Exposure time: 6 seconds; 

4-20% SDS-PAGE gel.

    Proteins were transferred to a PVDF membrane and blocked with 5% NFDM/TBST for 1 hour at room temperature. The primary antibody at 1/2,000 dilution was used in PC-30016 at 4℃ overnight. Goat Anti-Rabbit IgG - HRP Secondary Antibody at 1/50,000 dilution was used for 1 hour at room temperature.

    Immunocytochemistry analysis of HFF-1 cells labeling COL1A1 with Rabbit Monoclonal COL1A1      Antibody at 1/500 dilution.

    Cells were fixed in 4% paraformaldehyde for 20 minutes at room temperature, permeabilized with 0.1% Triton X-100 in PBS for 5 minutes at room temperature, then blocked with 1% BSA in 10% negative goat serum for 1 hour at room temperature. Cells were then incubated with Rabbit Monoclonal COL1A1 Antibody at 1/500 dilution in 1% BSA in PBST overnight at 4 ℃. Goat Anti-Rabbit IgG H&L (iFluor™ 488) was used as the secondary antibody at 1/1,000 dilution. PBS instead of the primary antibody was used as the secondary antibody only control. Nuclear DNA was labelled in blue with DAPI.

                                                               Beta tubulin (red) was stained at 1/100 dilution overnight at +4℃. Goat Anti-Mouse IgG H&L                                                                     (iFluor™ 594) was used as the secondary antibody at 1/1,000 dilution.

    Immunohistochemical analysis of paraffin-embedded human colon cancer tissue with Rabbit Monoclonal COL1A1 Antibody at 1/1,000 dilution.

    The section was pre-treated using heat mediated antigen retrieval with Tris-EDTA buffer (pH 9.0) for 20 minutes. The tissues were blocked in 1% BSA for 20 minutes at room temperature, washed with ddH2O and PBS, and then probed with the primary antibody at 1/1,000 dilution for 1 hour at room temperature. The detection was performed using an HRP conjugated compact polymer system. DAB was used as the chromogen. Tissues were counterstained with hematoxylin and mounted with DPX.

    Immunohistochemical analysis of paraffin-embedded rat kidney tissue with Rabbit Monoclonal COL1A1 Antibody at 1/1,000 dilution.

    The section was pre-treated using heat mediated antigen retrieval with Tris-EDTA buffer (pH 9.0) for 20 minutes. The tissues were blocked in 1% BSA for 20 minutes at room temperature, washed with ddH2O and PBS, and then probed with the primary antibody at 1/1,000 dilution for 1 hour at room temperature. The detection was performed using an HRP conjugated compact polymer system. DAB was used as the chromogen. Tissues were counterstained with hematoxylin and mounted with DPX.

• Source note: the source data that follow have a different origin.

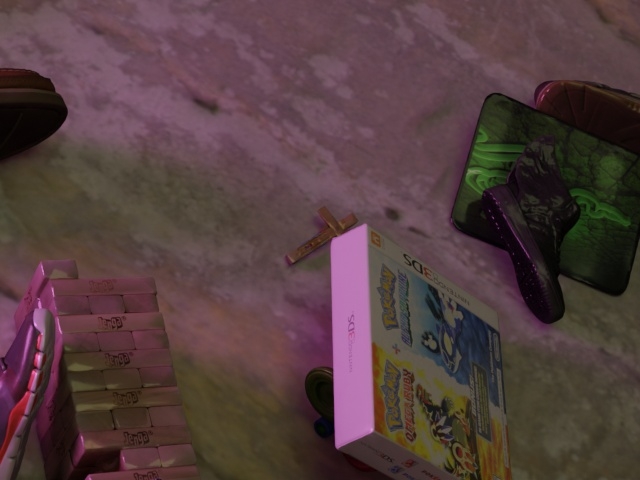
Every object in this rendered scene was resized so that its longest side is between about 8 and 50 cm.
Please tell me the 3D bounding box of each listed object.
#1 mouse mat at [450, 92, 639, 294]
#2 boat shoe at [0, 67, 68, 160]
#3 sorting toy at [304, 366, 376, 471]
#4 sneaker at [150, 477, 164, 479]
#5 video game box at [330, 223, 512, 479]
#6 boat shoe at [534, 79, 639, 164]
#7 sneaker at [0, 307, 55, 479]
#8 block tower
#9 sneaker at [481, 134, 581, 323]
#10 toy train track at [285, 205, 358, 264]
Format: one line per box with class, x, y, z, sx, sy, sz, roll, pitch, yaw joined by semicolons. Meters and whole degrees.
mouse mat;0.225;-0.045;1.818;0.189;0.007;0.153;22;68;-10
boat shoe;-0.356;-0.113;1.530;0.307;0.111;0.104;-10;63;-33
sorting toy;0.027;0.143;1.574;0.042;0.061;0.102;-33;98;-40
sneaker;-0.145;0.189;1.347;0.083;0.037;0.032;-22;70;-35
video game box;0.085;0.112;1.587;0.187;0.048;0.205;31;44;-37
boat shoe;0.315;-0.110;1.894;0.223;0.080;0.073;21;20;-12
sneaker;-0.243;0.120;1.407;0.065;0.158;0.061;19;5;0
block tower;-0.150;0.177;1.438;0.097;0.091;0.335;-1;58;-28
sneaker;0.211;-0.011;1.768;0.089;0.051;0.170;-18;71;-21
toy train track;0.000;0.000;1.696;0.083;0.014;0.048;-33;82;-34
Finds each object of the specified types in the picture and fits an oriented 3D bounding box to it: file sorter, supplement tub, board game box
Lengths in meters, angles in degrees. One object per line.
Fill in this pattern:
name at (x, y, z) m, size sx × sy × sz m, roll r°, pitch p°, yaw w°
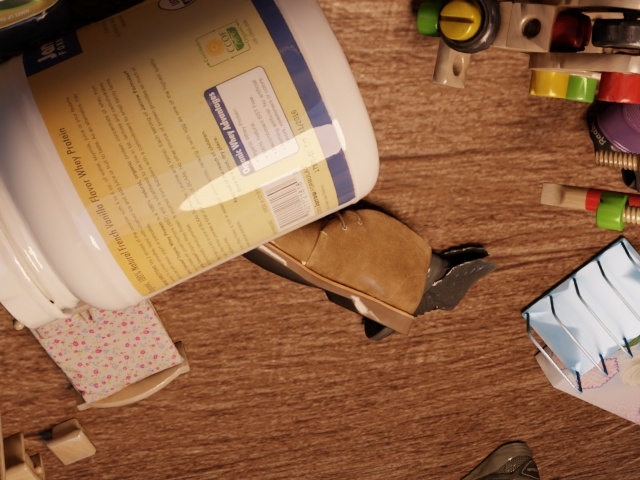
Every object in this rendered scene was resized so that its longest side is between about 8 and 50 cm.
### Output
file sorter at (0.366, 0.101, 1.243) m, size 0.170 × 0.104 × 0.118 m, roll -40°, pitch 93°, yaw 16°
supplement tub at (-0.134, -0.079, 0.800) m, size 0.316 × 0.228 × 0.228 m, roll -25°, pitch 136°, yaw -5°
board game box at (0.531, 0.136, 1.407) m, size 0.319 × 0.066 × 0.318 m, roll 25°, pitch 118°, yaw -37°

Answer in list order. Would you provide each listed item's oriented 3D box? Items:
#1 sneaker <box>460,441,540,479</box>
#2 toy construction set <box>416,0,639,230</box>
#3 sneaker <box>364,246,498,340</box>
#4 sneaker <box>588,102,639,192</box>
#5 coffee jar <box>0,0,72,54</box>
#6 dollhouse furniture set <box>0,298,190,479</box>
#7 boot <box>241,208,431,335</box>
sneaker at (0.274, 0.441, 1.548) m, size 0.087 × 0.130 × 0.227 m, roll 22°, pitch 122°, yaw -34°
toy construction set at (0.227, -0.160, 0.925) m, size 0.237 × 0.257 × 0.308 m, roll 9°, pitch 124°, yaw 29°
sneaker at (0.135, 0.070, 1.192) m, size 0.089 × 0.051 × 0.170 m, roll 21°, pitch 118°, yaw -31°
sneaker at (0.425, -0.102, 1.135) m, size 0.283 × 0.107 × 0.124 m, roll 25°, pitch 133°, yaw -34°
coffee jar at (-0.262, -0.229, 0.725) m, size 0.096 × 0.079 × 0.184 m, roll -21°, pitch 136°, yaw -2°
dollhouse furniture set at (-0.241, 0.190, 1.063) m, size 0.356 × 0.173 × 0.303 m, roll -21°, pitch 136°, yaw -2°
boot at (0.000, 0.000, 1.061) m, size 0.305 × 0.112 × 0.115 m, roll 27°, pitch 87°, yaw -34°
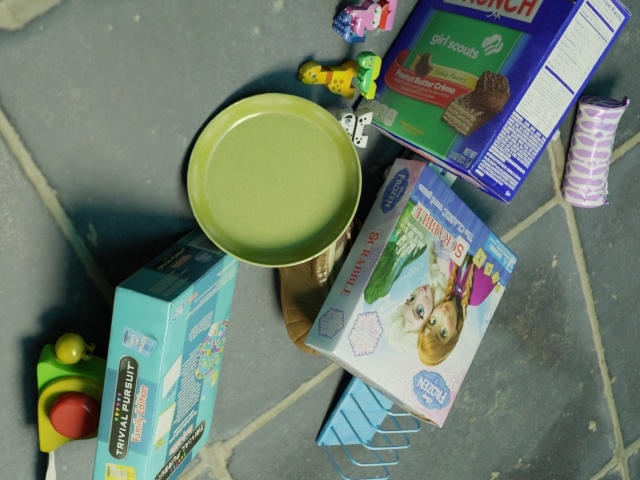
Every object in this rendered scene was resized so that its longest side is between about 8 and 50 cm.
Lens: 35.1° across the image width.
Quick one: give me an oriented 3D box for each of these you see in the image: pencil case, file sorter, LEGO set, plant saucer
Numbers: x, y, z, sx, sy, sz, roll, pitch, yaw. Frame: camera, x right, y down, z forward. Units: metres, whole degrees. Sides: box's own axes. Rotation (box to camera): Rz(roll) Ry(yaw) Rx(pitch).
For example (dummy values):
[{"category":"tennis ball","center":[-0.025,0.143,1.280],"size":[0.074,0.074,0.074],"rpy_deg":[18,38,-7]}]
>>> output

Flow cytometric analysis of HFF-1 cells labeling COL1A1.

    Cells were washed twice with cold PBS and resuspend. Then stained with the primary antibody (1μg/mL) (red) compared with Rabbit IgG Isotype Control (green). After incubation of the primary antibody at +4℃ for an hour, the cells were stained with a iFluor™ 488 conjugate-Goat anti-Rabbit IgG Secondary antibody at 1/1,000 dilution for 30 minutes at +4℃. Unlabelled sample was used as a control ( black).